**What needs to be done**
Would you copy every line of the listing below that includes the word "none"?

**Data extracts**

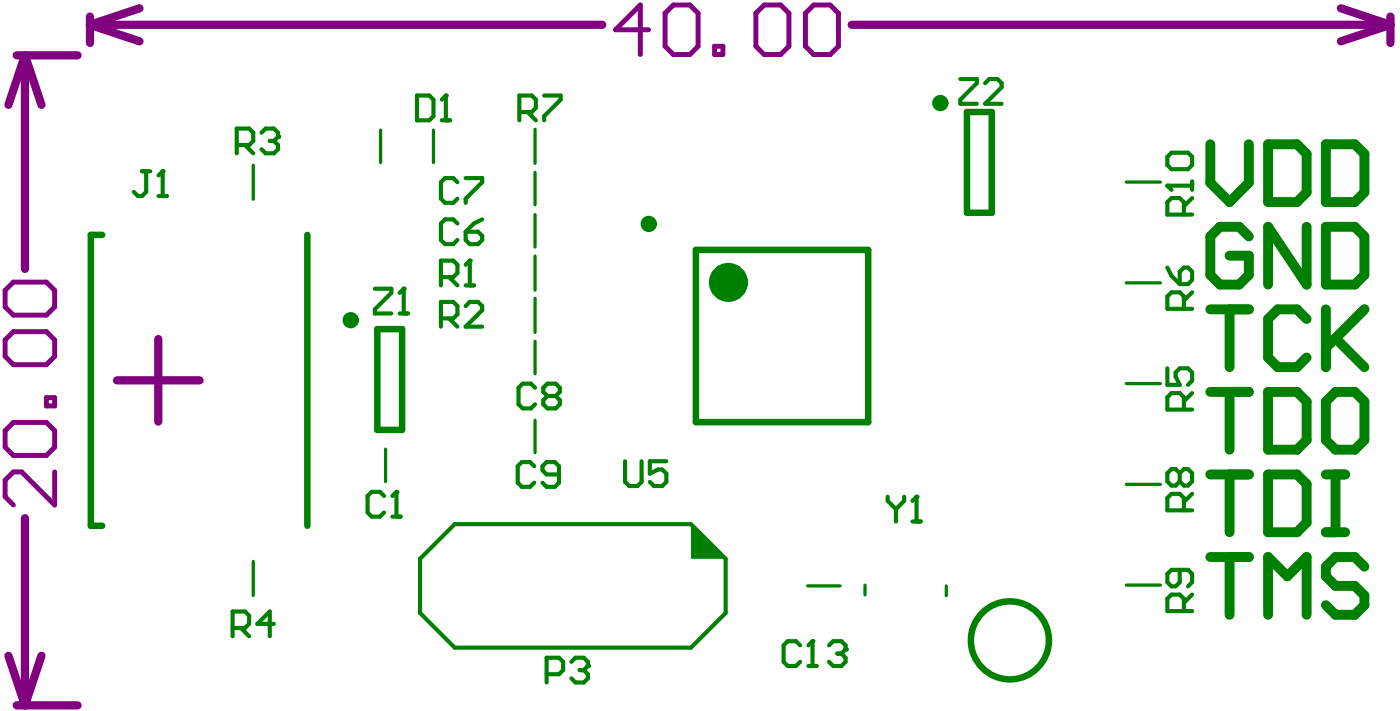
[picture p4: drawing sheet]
<svg xmlns="http://www.w3.org/2000/svg" width="72mm" height="36mm" viewBox="0 0 72 36" stroke-linecap="round" stroke-linejoin="round" font-family="sans-serif">
<g fill="none" stroke="#800080" stroke-width=".42">
<path d="M.9 2.8h3.1M1.3 2.8l.8 2.6M1.3 2.8l-.9 2.6M1.3 2.8v10.9M4.6 .8v1.4M4.6 1.3l2.5 .8M4.6 1.3h26.2M6 19.4h4.2M7.1 .4l-2.5 .9M8.1 17.3v4.2M43.6 1.3h27.5M68.6 .4l2.5 .9"/>
<path d="M71.1 .8v1.4M71.1 1.3l-2.5 .8M.4 33.5l.9 2.5M.9 36h3.1M1.3 26.5v9.5M2.1 33.5l-.8 2.5"/>
</g>
<path d="M.3 14.8l.4-.4h1.7l.4 .4v.9l-.4 .4h-1.7l-.4-.4zM.3 17.4l.4-.5h1.7l.4 .5v.8l-.4 .4h-1.7l-.4-.4zM33.2 1.5h-1.7l1.3-1.2v2.5M34 .7l.4-.4h.9l.4 .4v1.7l-.4 .4h-.9l-.4-.4zM36.6 2.4h.4v.4h-.4zM38.7 .7l.4-.4h.8l.5 .4v1.7l-.5 .4h-.8l-.4-.4zM41.2 .7l.4-.4h.9l.4 .4v1.7l-.4 .4h-.9l-.4-.4zM.3 22l.4-.4h1.7l.4 .4v.9l-.4 .4h-1.7l-.4-.4zM2.4 20.3h.4v.4h-.4zM2.8 24.1v1.7l-1.7-1.7h-.4l-.4 .4v.9l.4 .4" fill="none" stroke="#800080" stroke-width=".25"/>
<path d="M35.3 26.8l1.8 1.8h-1.8z" fill="#008000"/>
<g fill="none" stroke="#008000" stroke-width=".33">
<path d="M5.2 12h-.6v14.9h.6M15.7 12v14.9M19.3 16.8h1.3v5.2h-1.3zM35.6 12.8h8.8v8.8h-8.8zM49.5 5.7h1.2v5.2h-1.2z"/>
<circle cx="51.7" cy="32.7" r="1.99"/>
</g>
<g fill="none" stroke="#008000" stroke-width=".17">
<path d="M13 8.4v1.8M19.5 6.6v1.7M22.2 6.6v1.7M27.4 6.6v1.8M27.4 8.8v1.7M27.4 11v1.6M27.4 13.1v1.7M27.4 15.2v1.8M27.4 17.4v1.7M57.6 19.6h1.8M57.6 14.5h1.8M57.6 9.3h1.8"/>
<path d="M13 28.7v1.7M19.7 23v1.6M27.4 21.5v1.6M41.3 29.9h1.7M44.2 29.9v.5M48.4 29.9v.5M57.6 29.9h1.8M57.6 24.8h1.8"/>
</g>
<g fill="none" stroke="#008000" stroke-width=".21">
<path d="M7.3 8.8h.4M7.5 8.8v1l-.2 .2h-.2l-.3-.2M8.1 10h.4M8.3 8.8h.1M8.3 8.8v1.2M8.3 8.8l-.2 .2M12.1 7.4h.6l.3-.2v-.4l-.3-.2h-.6v1.2M12.5 7.4l.5 .4M13.4 6.8l.2-.2h.4l.2 .2v.2M13.8 7.2h.2M14 7.2l.2 .2v.2l-.2 .2h-.4l-.2-.2M14.2 7h.1"/>
<path d="M14.2 7l-.2 .2M19.2 14.8h.8v.2l-.8 .8v.2h.8M20.4 16h.5M20.7 14.8h.1M20.7 14.8v1.2M20.7 14.8l-.3 .2M21.3 4.9h.7l.2 .2v.8l-.2 .2h-.7zM22.6 14.2h.6l.2-.2v-.5l-.2-.2h-.6v1.3M22.6 16.3h.6l.2-.2v-.5l-.2-.2h-.6v1.3M22.6 6.1h.4M22.8 4.9h.1M22.8 4.9v1.2"/>
<path d="M22.8 4.9l-.2 .2M23 14.2l.4 .4M23 16.3l.4 .4M23.4 9.3l-.2-.2h-.4l-.2 .2v.9l.2 .2h.4l.2-.2M23.4 11.4l-.2-.2h-.4l-.2 .2v.9l.2 .2h.4l.2-.2M23.8 14.6h.4M23.8 15.6l.2-.2h.5l.2 .2v.3l-.9 .8h.9M23.8 9.1h.9v.2l-.9 .9v.2M23.8 11.8h.7l.2 .3v.2l-.2 .2h-.5l-.2-.2zM24 13.3h.1M24 13.3l-.2 .2M24 13.3v1.3"/>
<path d="M24.7 11.2l-.5 .2-.4 .4M26.6 5.7h.6l.2-.2v-.4l-.2-.2h-.6v1.2M27 5.7l.4 .4M27.4 19.8l-.2-.2h-.5l-.2 .2v.9l.2 .2h.5l.2-.2M27.8 4.9h.9v.2l-.9 .8v.2M49.1 4h.9v.2l-.9 .9v.2h.9M50.4 4.2l.2-.2h.4l.2 .2v.3l-.8 .8h.8M59.7 9.5h.1M59.7 8l.2-.2h.9l.2 .2v.4l-.2 .2h-.9l-.2-.2zM59.7 18.8v.9h.6l-.2-.5v-.2l.2-.2h.5l.2 .2v.5l-.2 .2M59.7 9.5l.2 .2M59.7 9.5h1.3"/>
<path d="M59.7 13.7l.2 .4 .4 .4M60.3 13.9l.3-.2h.2l.2 .2v.4l-.2 .2h-.5zM60.6 11v-.7l-.3-.2h-.4l-.2 .2v.7h1.3M60.6 15.8v-.6l-.3-.3h-.4l-.2 .3v.6h1.3M61 9.3v.4M61 10.1l-.4 .4M61 14.9l-.4 .5M11.9 32.1h.6l.2-.2v-.4l-.2-.2h-.6v1.2M12.3 32.1l.4 .4M14 31.9h-.8l.6-.6v1.2M19.6 25.3l-.2-.2h-.4l-.2 .2v.9l.2 .2h.4l.2-.2M20.1 26.4h.4"/>
<path d="M20.3 25.1h.1M20.3 25.1v1.3M20.3 25.1l-.2 .2M21.5 28.6l1.8-1.8h12l1.8 1.8v2.7l-1.8 1.8h-12l-1.8-1.8zM27.3 23.8l-.2-.2h-.4l-.2 .2v.9l.2 .2h.4l.2-.2M28 34.5h.6l.2-.3v-.4l-.2-.2h-.6v1.3M28 20.2l-.2-.2v-.2l.2-.2h.4l.2 .2v.2l-.2 .2M28 20.2l-.2 .3v.2l.2 .2h.4l.2-.2v-.2l-.2-.3M28 20.2h.4M28.6 24.2h-.6l-.3-.2v-.2l.3-.2h.4l.2 .2v.9l-.2 .2h-.4l-.3-.2M29.2 33.8l.2-.2h.5l.2 .2v.2M29.7 34.2h.2"/>
<path d="M29.9 34.2l.2 .3v.2l-.2 .2h-.5l-.2-.2M30.1 34h.1M30.1 34l-.2 .2M32 23.6v1l.2 .2h.4l.2-.2v-1M34.1 23.6h-.9v.6l.5-.2h.2l.2 .2v.4l-.2 .2h-.4l-.3-.2M40.9 33l-.2-.2h-.4l-.2 .2v.8l.2 .2h.4l.2-.2M41.4 34h.4M41.6 32.8h.1M41.6 32.8v1.2M41.6 32.8l-.2 .2M42.4 33l.2-.2h.4l.3 .2v.2M42.8 33.4h.2"/>
<path d="M43 33.4l.3 .2v.2l-.3 .2h-.4l-.2-.2M43.3 33.2h.1M43.3 33.2l-.3 .2M45.4 25.4v.2l.4 .4M45.8 26v.7M46.3 25.4v.2l-.5 .4M46.7 26.7h.4M46.9 25.4h.1M46.9 25.4v1.3M46.9 25.4l-.2 .2M60.3 24.2l-.2-.2h-.2l-.2 .2v.4l.2 .2h.2l.2-.2M60.3 29.1v.7l-.2 .2h-.2l-.2-.2v-.5l.2-.2h.9l.2 .2v.5l-.2 .2"/>
<path d="M60.3 24.2l.3-.2h.2l.2 .2v.4l-.2 .2h-.2l-.3-.2M60.3 24.2v.4M60.6 31.2v-.6l-.3-.2h-.4l-.2 .2v.6h1.3M60.6 20.9v-.6l-.3-.2h-.4l-.2 .2v.6h1.3M60.6 26.1v-.7l-.3-.2h-.4l-.2 .2v.7h1.3M61 30.4l-.4 .4M61 25.2l-.4 .5M61 20.1l-.4 .4"/>
</g>
<g fill="none" stroke="#008000" stroke-width=".51">
<path d="M61.9 15.8h2M61.9 7.4v1.9l1 1 1-1v-1.9M62.9 15.8v3M63.9 12.1l-.5-.5h-1l-.5 .5v2l.5 .4h1l.5-.4v-1h-1M64.9 7.4h1.4l.5 .5v1.9l-.5 .5h-1.4zM66.8 11.6v2.9l-1.9-2.9v2.9M66.8 16.3l-.5-.5h-.9l-.5 .5v2l.5 .5h.9l.5-.5M67.8 7.4h1.5l.5 .5v1.9l-.5 .5h-1.5zM67.8 11.6h1.5l.5 .5v2l-.5 .4h-1.5zM67.8 15.8v3M68.3 17.3l1.5 1.5M69.8 15.8l-2 2"/>
<path d="M61.9 28.5h2M61.9 20h2M61.9 24.2h2M62.9 20v3M62.9 24.2v3M62.9 28.5v2.9M64.9 20h1.4l.5 .5v2l-.5 .5h-1.4zM64.9 24.2h1.4l.5 .5v2l-.5 .5h-1.4zM64.9 31.4v-2.9l1 1 .9-1v2.9M67.8 20.5l.5-.5h1l.5 .5v2l-.5 .5h-1l-.5-.5zM67.8 24.2h1M67.8 27.2h1"/>
<path d="M68.3 24.2v3M69.8 29l-.5-.5h-1l-.5 .5v.5l.5 .4h1l.5 .5v.5l-.5 .5h-1l-.5-.5"/>
</g>
<g fill="none" stroke="#008000" stroke-width=".42">
<circle cx="17.9" cy="16.4" r=".21"/>
<circle cx="33.2" cy="11.4" r=".21"/>
<circle cx="48.1" cy="5.3" r=".21"/>
</g>
<circle cx="37.3" cy="14.4" r=".5" fill="none" stroke="#008000" stroke-width="1"/>
</svg>

**Exercise result**
<g fill="none" stroke="#800080" stroke-width=".42">
<path d="M.3 14.8l.4-.4h1.7l.4 .4v.9l-.4 .4h-1.7l-.4-.4zM.3 17.4l.4-.5h1.7l.4 .5v.8l-.4 .4h-1.7l-.4-.4zM33.2 1.5h-1.7l1.3-1.2v2.5M34 .7l.4-.4h.9l.4 .4v1.7l-.4 .4h-.9l-.4-.4zM36.6 2.4h.4v.4h-.4zM38.7 .7l.4-.4h.8l.5 .4v1.7l-.5 .4h-.8l-.4-.4zM41.2 .7l.4-.4h.9l.4 .4v1.7l-.4 .4h-.9l-.4-.4zM.3 22l.4-.4h1.7l.4 .4v.9l-.4 .4h-1.7l-.4-.4zM2.4 20.3h.4v.4h-.4zM2.8 24.1v1.7l-1.7-1.7h-.4l-.4 .4v.9l.4 .4" fill="none" stroke="#800080" stroke-width=".25"/>
<g fill="none" stroke="#008000" stroke-width=".33">
<g fill="none" stroke="#008000" stroke-width=".17">
<g fill="none" stroke="#008000" stroke-width=".21">
<g fill="none" stroke="#008000" stroke-width=".51">
<g fill="none" stroke="#008000" stroke-width=".42">
<circle cx="37.3" cy="14.4" r=".5" fill="none" stroke="#008000" stroke-width="1"/>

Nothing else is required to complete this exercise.